Some of the most important money laundering cases in New York involved these industries. The success of prosecutions involving hundreds of millions of dollars appears to have made a serious dent in the operations of these organizations. However, there is general agreement that outside of the financial industries the jewelry and precious metal industries continue to be the highest risk business for money laundering in New York and other states.

Retail Industry. An industry that is increasingly vulnerable to use by money launderers is the retail industry, specifically, high-dollar luxury stores that attract clients who have large sums of money. These clients have to launder or otherwise spend the money without attracting the attention of authorities, so they either make the purchases with cash or they enlist criminal associates or otherwise law-abiding citizens to make purchases. Retailers seduced by large cash payments, cash that they suspect came from illegal activity, feel that they have done nothing wrong or committed no crime when they accept this money. They fail to realize however, that the Money Laundering Control Act of 1986 expanded the definition of money laundering to make it illegal for people to accept cash knowing that it comes from illegal activities, especially if the deal itself is intended to hide the source of the money.

There sometimes exists an unholy alliance between certain businesses and drug dealers that fuels the fire of drug trafficking. Some business strapped for cash are enticed by the opportunity for easy money, even if the cash has a dubious history. In some communities drug dealing is a career that people start while in their teens and childhood friendships between street kids often later turn into tempting situations for both the drug dealer and the legitimate retailer.

For the purposes of this discussion let's give a fictitious example of how an expensive clothing store, John's Clothing Boutique, in New York City might be used by money launderers.

John's is incorporated as J & A Inc., with two partners: John Linn and Adam Kurrocka. They deal primarily in imported Italian suits and shoes priced from $1,000 to $2,000. In reality Linn was selling thousands of dollars worth of clothes to the Raymond Edwards drug gang and to drug king pin Don Lewis through his New York Store. The narcotics traffickers purchased the expensive clothes with small bills and spent as much as $41,000 in a single day.

Linn began as a legitimate retailer, but the store was frequented by a childhood friend who had become one of New York City's biggest drug dealers. Linn eventually assisted the drug dealer in disposing of his illicit cash by selling him as much as $32,000 in clothes in one month, by purchasing luxury automobiles for the drug dealer registered in John's name, and by listing the criminal as an employee of the store. At the height of this partnership, the drug dealer and his associates spent as much as $457,995 at the store, and Linn registered, in his own name, six luxury cars, costing $234,371. All of this from a store that reported a total income of $85,600 during 1987 and 1988.

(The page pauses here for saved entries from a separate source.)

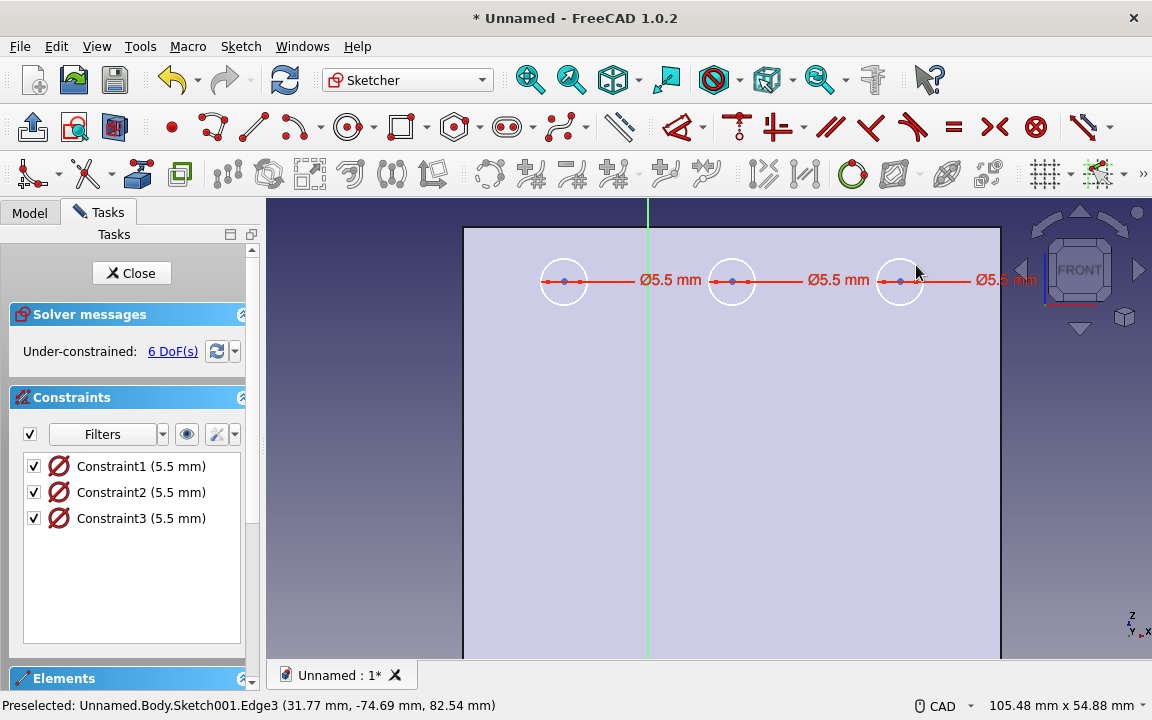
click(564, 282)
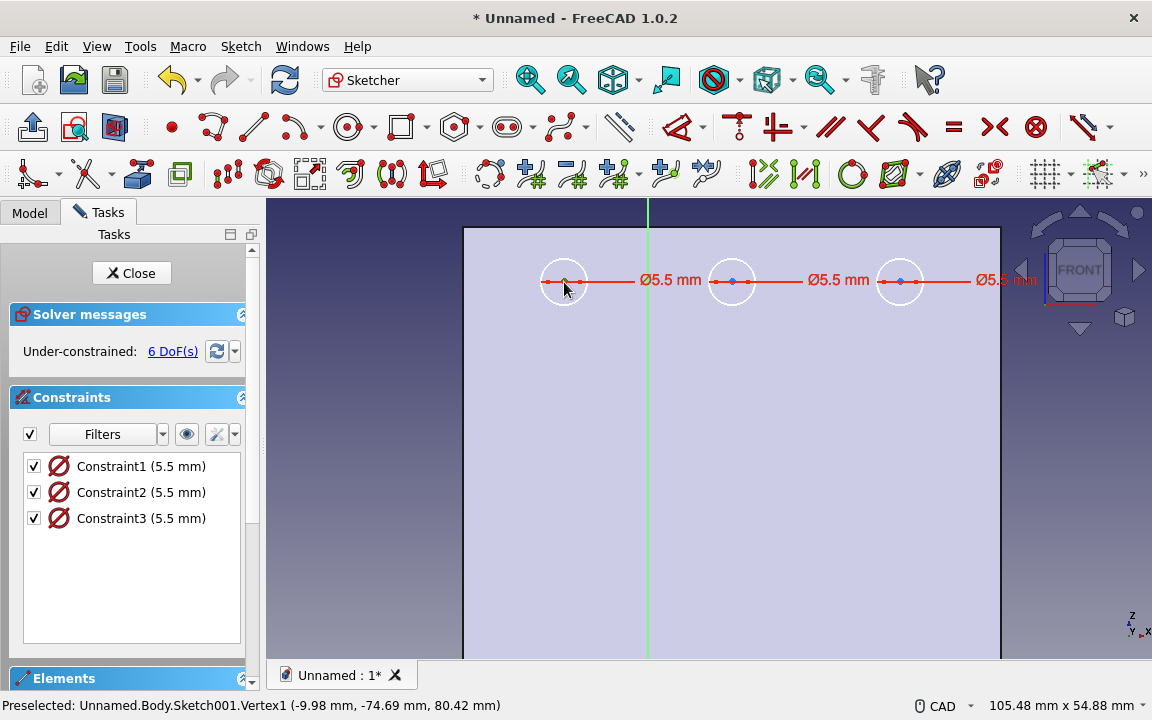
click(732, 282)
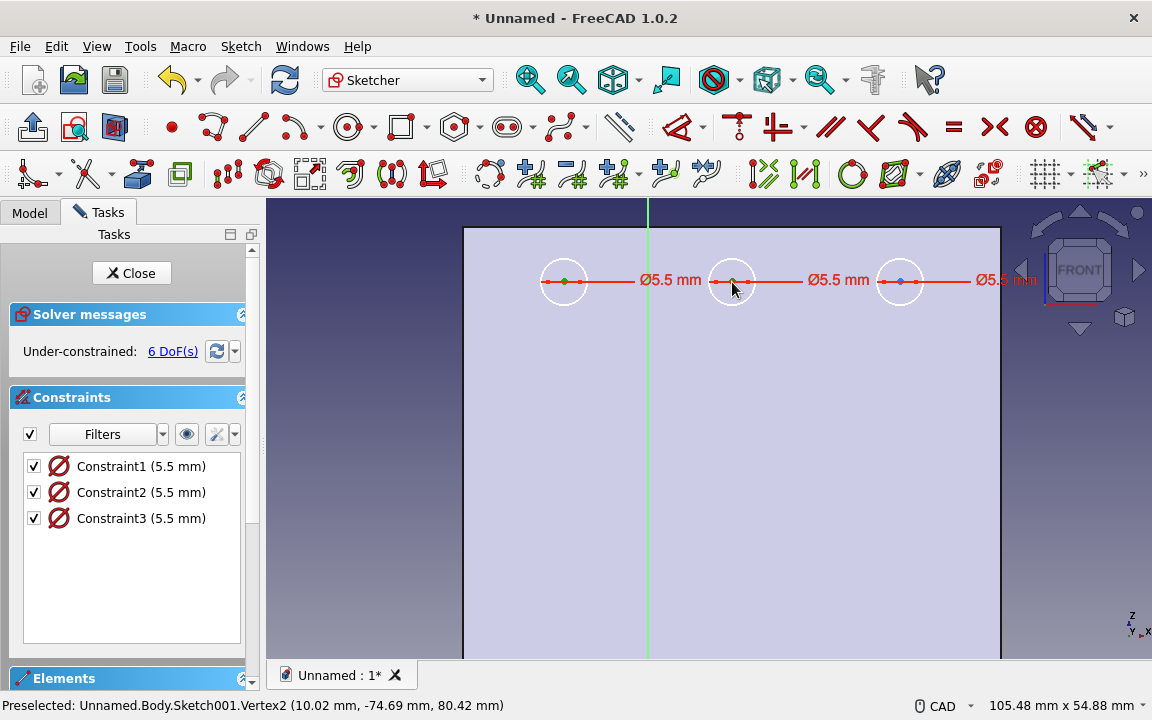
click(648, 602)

While Kurrocka, a master tailor from Turkey, escaped prosecution, Linn was recently convicted on thirty-four of sixty-seven counts of money laundering.

Convenience stores, liquor stores, restaurants and similar businesses are attractive to money launderers and provide an excellent legitimate cover. Since these are commonly cash heavy concerns, licit and illicit funds are easily co-mingled. Some drawbacks are that it requires the maintenance of a legitimate business, leaves an audit trail, filings have to be made with the state, county, and city and normal business records must be kept. And, there are limits to the amount of money that can be channeled through without attracting too much attention.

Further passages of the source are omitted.